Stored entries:

%%

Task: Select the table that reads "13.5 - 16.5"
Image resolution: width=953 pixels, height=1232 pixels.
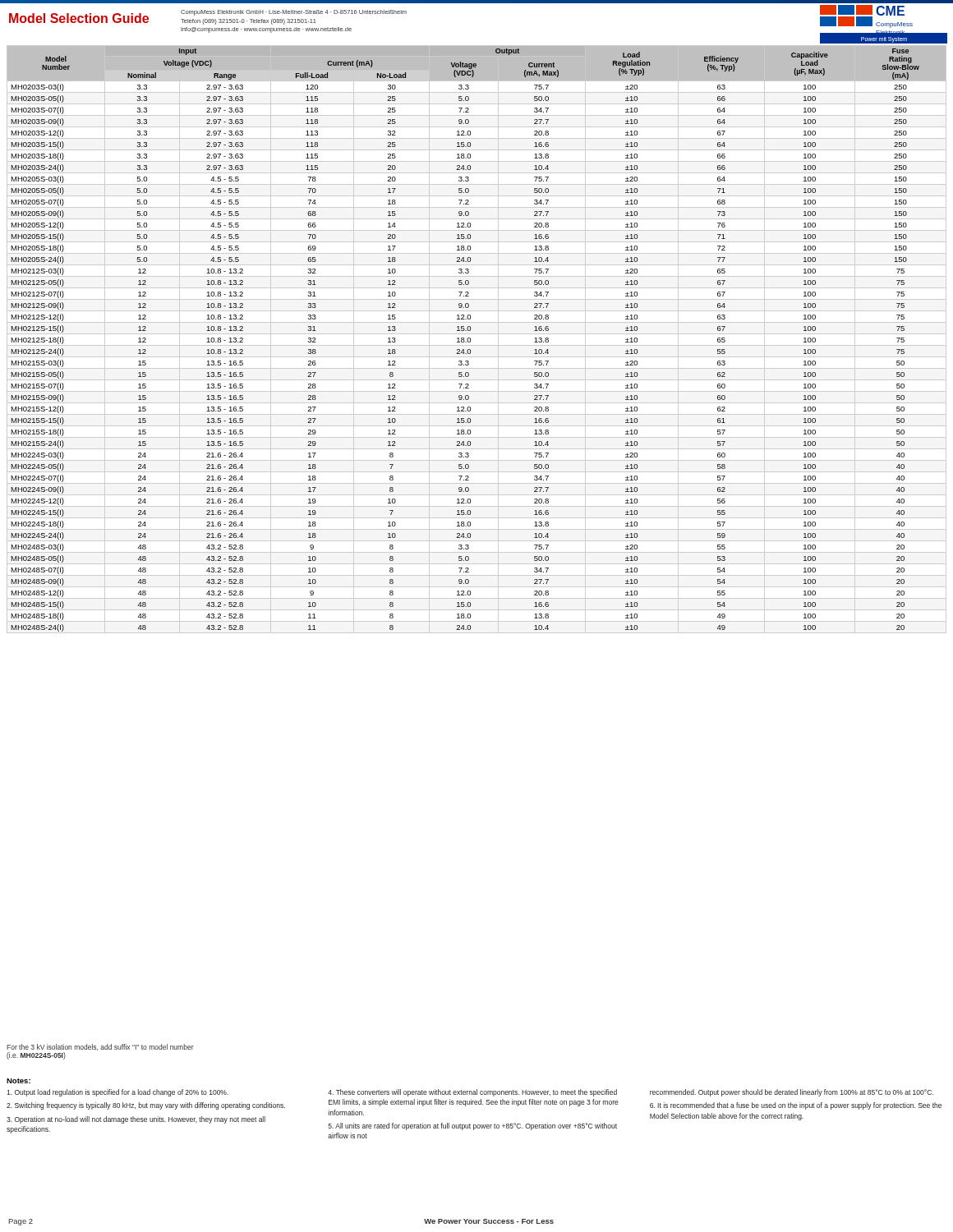Action: click(x=476, y=339)
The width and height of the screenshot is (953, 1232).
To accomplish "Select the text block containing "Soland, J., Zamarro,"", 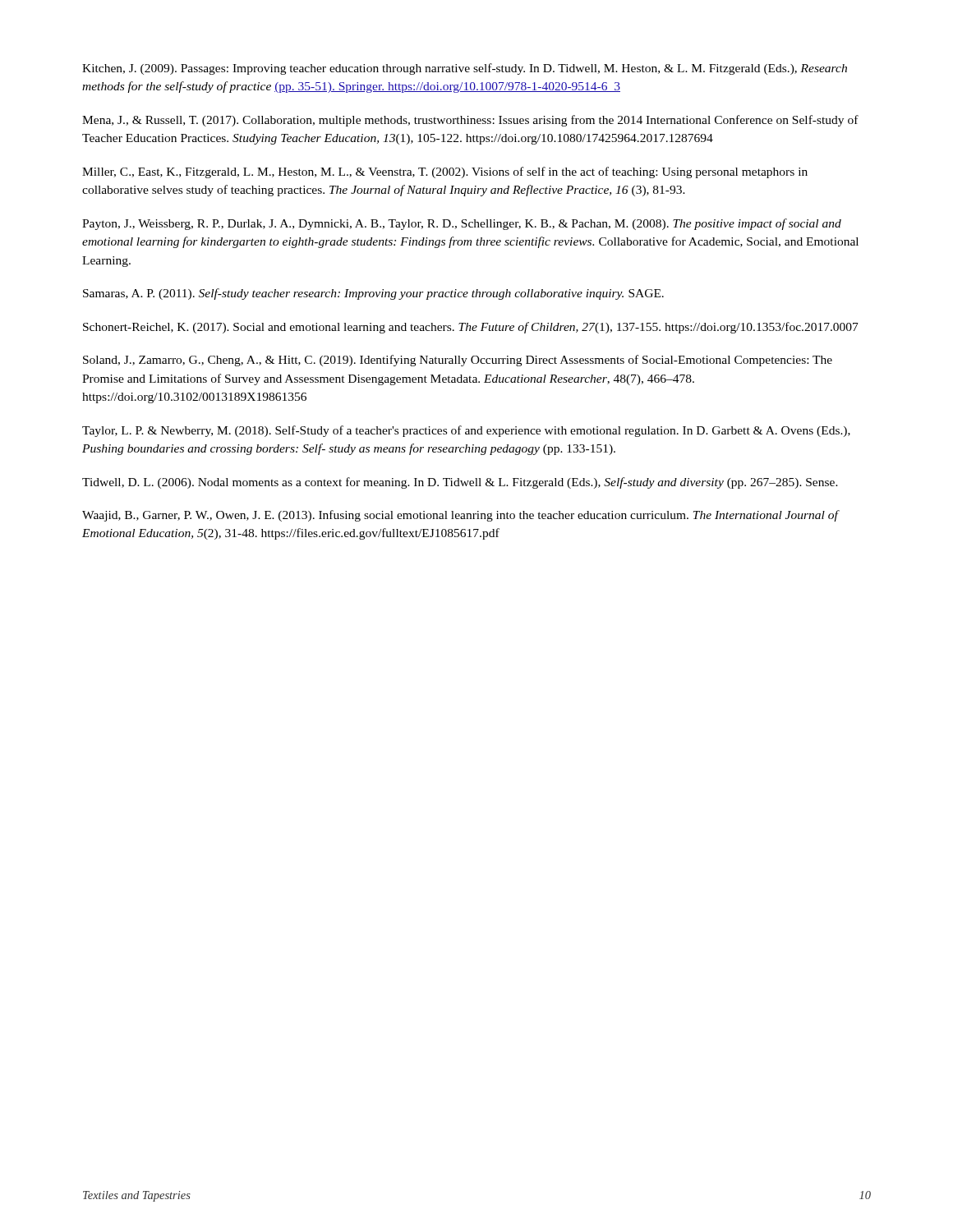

%%

Write the entries above out again exactly, but not the pictures.

Task: Select the table that reads "13.5 - 16.5"
Image resolution: width=953 pixels, height=1232 pixels.
Action: click(x=476, y=339)
The width and height of the screenshot is (953, 1232).
To accomplish "Select the text block containing "Soland, J., Zamarro,"", 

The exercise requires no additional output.